Centos7.2, Ceph with 3 OSD, 1 MON running on a same node. radosgw and all the daemons are running on the same node, and everything was working fine. After reboot the server, all osd could not communicate (looks like) and the radosgw does not work properly, it's log says:
2016-03-09 17:03:30.916678 7fc71bbce880 0 ceph version 0.94.6 (e832001feaf8c176593e0325c8298e3f16dfb403), process radosgw, pid 24181
2016-03-09 17:08:30.919245 7fc712da8700 -1 Initialization timeout, failed to initialize
ceph health shows:
HEALTH_WARN 1760 pgs stale; 1760 pgs stuck stale; too many PGs per OSD (1760 > max 300); 2/2 in osds are down
and ceph osd tree give:
ID WEIGHT TYPE NAME UP/DOWN REWEIGHT PRIMARY-AFFINITY
-1 2.01999 root default
-2 1.01999 host app112
0 1.00000 osd.0 down 1.00000 1.00000
1 0.01999 osd.1 down 0 1.00000
-3 1.00000 host node146
2 1.00000 osd.2 down 1.00000 1.00000
and service ceph status results:
=== mon.app112 ===
mon.app112: running {"version":"0.94.6"}
=== osd.0 ===
osd.0: running {"version":"0.94.6"}
=== osd.1 ===
osd.1: running {"version":"0.94.6"}
=== osd.2 ===
osd.2: running {"version":"0.94.6"}
=== osd.0 ===
osd.0: running {"version":"0.94.6"}
=== osd.1 ===
osd.1: running {"version":"0.94.6"}
=== osd.2 ===
osd.2: running {"version":"0.94.6"}
and this is service radosgw status:
Redirecting to /bin/systemctl status radosgw.service
● ceph-radosgw.service - LSB: radosgw RESTful rados gateway
Loaded: loaded (/etc/rc.d/init.d/ceph-radosgw)
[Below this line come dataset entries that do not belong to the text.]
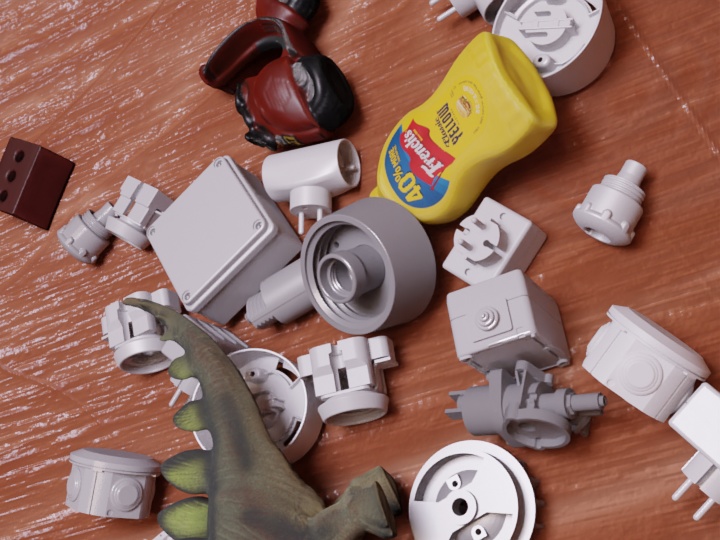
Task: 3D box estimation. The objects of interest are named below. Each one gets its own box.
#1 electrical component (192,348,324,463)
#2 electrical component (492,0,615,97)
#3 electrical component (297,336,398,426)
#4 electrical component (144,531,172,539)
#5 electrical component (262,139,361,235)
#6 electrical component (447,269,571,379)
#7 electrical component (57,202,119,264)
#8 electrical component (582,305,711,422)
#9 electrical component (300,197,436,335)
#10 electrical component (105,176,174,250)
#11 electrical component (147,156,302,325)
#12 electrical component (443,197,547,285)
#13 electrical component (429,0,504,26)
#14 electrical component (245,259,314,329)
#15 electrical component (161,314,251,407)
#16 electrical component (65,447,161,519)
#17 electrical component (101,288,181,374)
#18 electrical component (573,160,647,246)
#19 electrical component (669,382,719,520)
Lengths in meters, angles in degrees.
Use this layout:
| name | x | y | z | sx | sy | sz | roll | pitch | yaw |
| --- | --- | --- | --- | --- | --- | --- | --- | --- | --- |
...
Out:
| name | x | y | z | sx | sy | sz | roll | pitch | yaw |
| --- | --- | --- | --- | --- | --- | --- | --- | --- | --- |
| electrical component | -0.083 | 0.117 | 0.897 | 0.099 | 0.064 | 0.099 | -9 | 71 | 28 |
| electrical component | 0.154 | -0.190 | 0.857 | 0.099 | 0.064 | 0.099 | -9 | 71 | 27 |
| electrical component | -0.008 | 0.091 | 0.867 | 0.078 | 0.058 | 0.057 | -15 | 68 | 14 |
| electrical component | -0.165 | 0.261 | 0.900 | 0.121 | 0.079 | 0.063 | -40 | 38 | 13 |
| electrical component | -0.043 | -0.070 | 0.944 | 0.077 | 0.043 | 0.079 | -9 | 71 | 27 |
| electrical component | 0.107 | 0.038 | 0.795 | 0.062 | 0.096 | 0.061 | -21 | 62 | 23 |
| electrical component | -0.263 | -0.040 | 1.060 | 0.062 | 0.048 | 0.048 | -45 | 59 | 2 |
| electrical component | 0.197 | 0.064 | 0.748 | 0.080 | 0.080 | 0.051 | 40 | 101 | 32 |
| electrical component | 0.000 | 0.000 | 0.861 | 0.108 | 0.060 | 0.108 | 15 | 113 | 37 |
| electrical component | -0.213 | -0.053 | 1.034 | 0.066 | 0.048 | 0.055 | 25 | 81 | 33 |
| electrical component | -0.123 | -0.027 | 0.963 | 0.109 | 0.056 | 0.108 | -44 | 52 | 11 |
| electrical component | 0.097 | -0.020 | 0.830 | 0.047 | 0.077 | 0.065 | 34 | 93 | 33 |
| electrical component | 0.096 | -0.241 | 0.918 | 0.079 | 0.043 | 0.077 | -30 | 62 | 18 |
| electrical component | -0.065 | 0.023 | 0.929 | 0.081 | 0.043 | 0.043 | -31 | 63 | 18 |
| electrical component | -0.140 | 0.088 | 0.937 | 0.047 | 0.066 | 0.076 | 33 | 93 | 34 |
| electrical component | -0.217 | 0.186 | 0.945 | 0.080 | 0.080 | 0.051 | 6 | 83 | 31 |
| electrical component | -0.198 | 0.059 | 0.985 | 0.078 | 0.058 | 0.057 | -25 | 62 | 21 |
| electrical component | 0.193 | -0.052 | 0.806 | 0.048 | 0.048 | 0.062 | 27 | 83 | 33 |
| electrical component | 0.242 | 0.133 | 0.720 | 0.075 | 0.047 | 0.083 | -50 | 58 | 8 |

Active: active (exited) since Wed 2016-03-09 17:03:30 CST; 1 day 23h ago
Docs: man:systemd-sysv-generator(8)
Process: 24134 ExecStop=/etc/rc.d/init.d/ceph-radosgw stop (code=exited, status=0/SUCCESS)
Process: 2890 ExecReload=/etc/rc.d/init.d/ceph-radosgw reload (code=exited, status=0/SUCCESS)
Process: 24153 ExecStart=/etc/rc.d/init.d/ceph-radosgw start (code=exited, status=0/SUCCESS)
Seeing this, I have tried sudo /etc/init.d/ceph -a start osd.1 and stop for a couple of times, but the result is the same as above.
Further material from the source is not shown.